- What the task asks
In the listing below, find the line containing "Give a very" and the line containing "Keep it short and to the point. Yes.". Repeat exactly those two lines and every line between them, nothing more.

#####

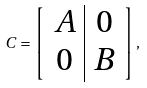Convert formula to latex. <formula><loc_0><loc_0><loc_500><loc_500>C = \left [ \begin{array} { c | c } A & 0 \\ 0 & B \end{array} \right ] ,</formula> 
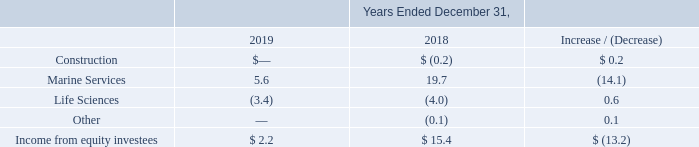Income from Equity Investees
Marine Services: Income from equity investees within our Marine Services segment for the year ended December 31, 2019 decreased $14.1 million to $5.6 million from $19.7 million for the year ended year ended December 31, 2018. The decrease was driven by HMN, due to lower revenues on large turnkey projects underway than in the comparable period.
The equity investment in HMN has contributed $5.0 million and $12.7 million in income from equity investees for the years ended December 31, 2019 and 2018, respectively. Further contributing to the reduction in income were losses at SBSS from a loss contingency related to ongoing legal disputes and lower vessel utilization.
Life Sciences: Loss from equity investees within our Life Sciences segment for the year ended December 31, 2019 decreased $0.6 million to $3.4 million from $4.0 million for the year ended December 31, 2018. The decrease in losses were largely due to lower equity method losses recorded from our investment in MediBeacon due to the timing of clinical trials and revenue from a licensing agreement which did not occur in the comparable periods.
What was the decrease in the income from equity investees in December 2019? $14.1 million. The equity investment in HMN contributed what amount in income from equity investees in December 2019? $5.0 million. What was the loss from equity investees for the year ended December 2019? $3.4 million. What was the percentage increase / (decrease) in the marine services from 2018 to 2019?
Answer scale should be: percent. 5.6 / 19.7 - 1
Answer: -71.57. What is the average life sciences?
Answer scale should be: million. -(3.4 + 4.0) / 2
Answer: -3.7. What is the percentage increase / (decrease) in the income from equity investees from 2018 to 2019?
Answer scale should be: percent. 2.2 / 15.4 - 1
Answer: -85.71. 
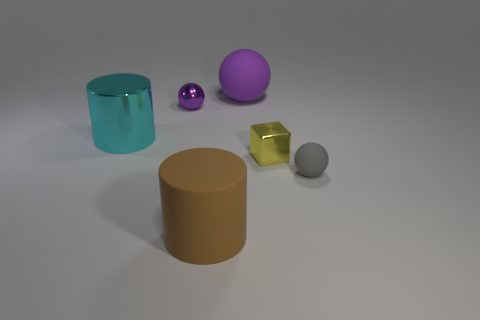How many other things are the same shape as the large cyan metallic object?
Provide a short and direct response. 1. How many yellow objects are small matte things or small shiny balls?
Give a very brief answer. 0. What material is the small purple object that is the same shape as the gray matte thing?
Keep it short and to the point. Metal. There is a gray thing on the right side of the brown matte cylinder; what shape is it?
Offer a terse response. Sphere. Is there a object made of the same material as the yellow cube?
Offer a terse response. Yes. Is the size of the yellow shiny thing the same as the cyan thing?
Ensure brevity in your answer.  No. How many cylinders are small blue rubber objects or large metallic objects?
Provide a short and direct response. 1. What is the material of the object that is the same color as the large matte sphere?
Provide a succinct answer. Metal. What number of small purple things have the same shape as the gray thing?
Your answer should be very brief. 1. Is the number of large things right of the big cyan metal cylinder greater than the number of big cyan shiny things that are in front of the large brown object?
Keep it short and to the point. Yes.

#####

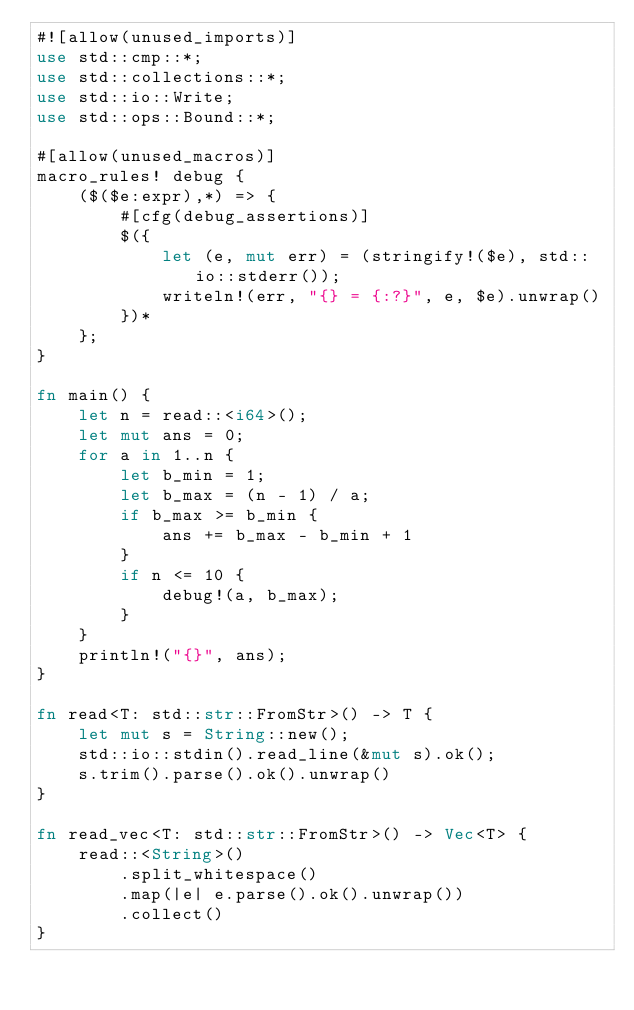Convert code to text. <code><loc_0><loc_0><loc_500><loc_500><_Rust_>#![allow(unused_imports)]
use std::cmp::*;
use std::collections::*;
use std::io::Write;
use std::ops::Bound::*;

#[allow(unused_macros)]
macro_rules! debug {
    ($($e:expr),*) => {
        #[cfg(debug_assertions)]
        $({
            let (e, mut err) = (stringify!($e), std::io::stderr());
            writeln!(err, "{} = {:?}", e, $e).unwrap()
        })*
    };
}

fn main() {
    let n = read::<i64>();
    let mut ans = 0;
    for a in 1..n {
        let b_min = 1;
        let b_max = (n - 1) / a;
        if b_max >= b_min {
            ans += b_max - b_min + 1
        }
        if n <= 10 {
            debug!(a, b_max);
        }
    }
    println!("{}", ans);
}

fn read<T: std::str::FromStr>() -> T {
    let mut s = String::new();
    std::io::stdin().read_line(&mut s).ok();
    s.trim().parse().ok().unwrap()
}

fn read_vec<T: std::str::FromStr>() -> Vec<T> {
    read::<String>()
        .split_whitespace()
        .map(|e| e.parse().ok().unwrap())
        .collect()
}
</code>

#####

- Completed task
Give a very brief answer. 0. What material is the small purple object that is the same shape as the gray matte thing?
Keep it short and to the point. Metal. There is a gray thing on the right side of the brown matte cylinder; what shape is it?
Offer a terse response. Sphere. Is there a object made of the same material as the yellow cube?
Offer a terse response. Yes. Is the size of the yellow shiny thing the same as the cyan thing?
Ensure brevity in your answer.  No. How many cylinders are small blue rubber objects or large metallic objects?
Provide a short and direct response. 1. What is the material of the object that is the same color as the large matte sphere?
Provide a succinct answer. Metal. What number of small purple things have the same shape as the gray thing?
Your answer should be very brief. 1. Is the number of large things right of the big cyan metal cylinder greater than the number of big cyan shiny things that are in front of the large brown object?
Keep it short and to the point. Yes.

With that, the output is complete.